I have been using the Ista system for about 5 months and it isn't that bad. I must have gotten lucky because my regulator does not leak, but it can be hard to get the threads on right sometimes, which causes the tank to slowly leak. The knob to turn on the co2 is practically impossible to adjust, and you have to tighten it super tight to get the co2 turned all the way off. The tanks for me last about 1.5-2 weeks depending on how many bubbles per second I do, which is usually 1.5-2 per second for about 8 hours a day. The tanks can be hard to find though, I bought system mine at petco and that is the only place I can find the tanks. This is a decent option if your tank is small like mine (truaqua 8.7 gallon bowfront), but the cost does add up pretty quickly. I'd space is an issue this is a good system and everything is pretty small and compact, and the tank can hang off the tank if need be. 
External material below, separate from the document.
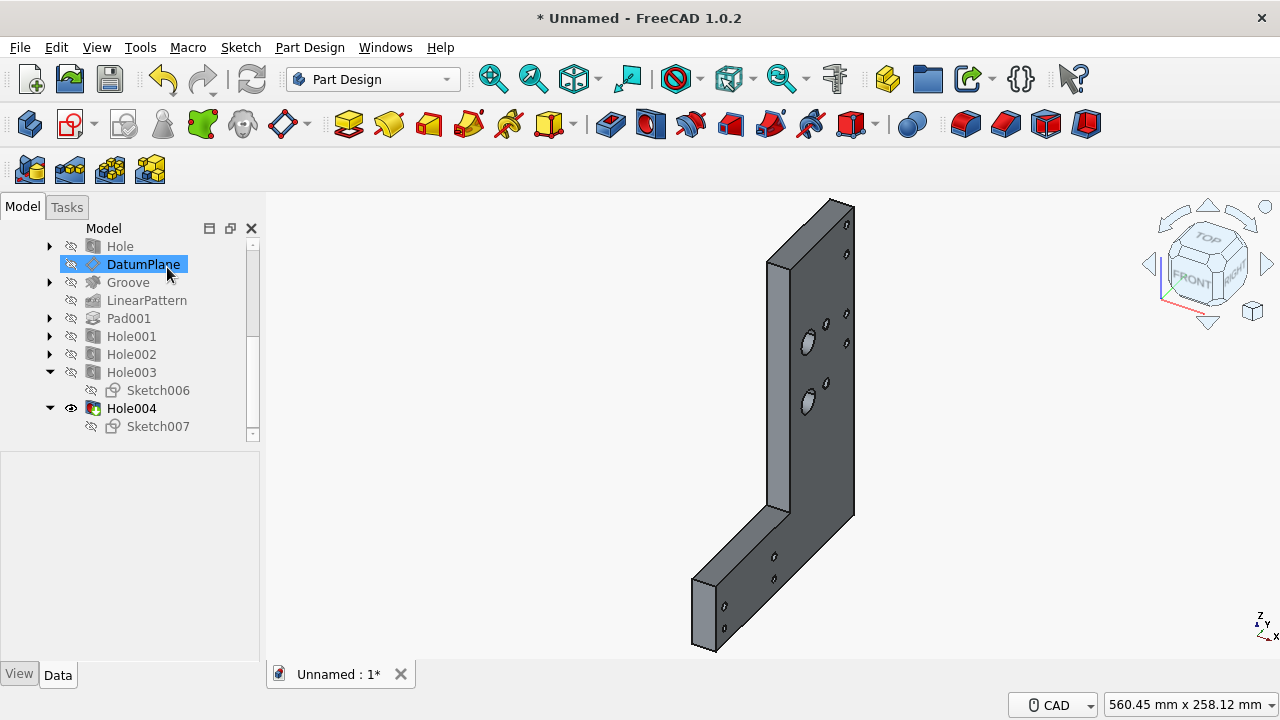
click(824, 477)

Sent from my iPad using Tapatalk


----------



## Little Soprano (Mar 13, 2014)

My diffuser can pop off too, but I have to say once it gets going, the diffuser's bubbles are incredibly fine to the point you have to really try to see the bubbles. Mine takes quite a bit of tweaking too, with a wrench, especially on replacement tanks, but it works pretty well once it's going, I also noticed at the end of the tank, there was no "dump". Mine is on a 40 gallon long, but that tank was our first shot at live plants AND co2 so we wanted a cheap temporary system before we dove into a full CO2 setup. The tanks really aren't all that bad, at $10 dollars at Petco. My regulator is touchy, but does not leak, and once I get it set, it works well, though I have it running 24 hours as it's a pain in the butt to get set right, and with so many powerheads on my tank, it needs to compete. It was worth it to me. (Oh and I have the Ista not Fluval.) 

If I do eventually get a full setup, I am keeping the diffuser, once you get it all going, it runs beautifully! And the way it's setup to keep the hose from kinking is awesome too.


----------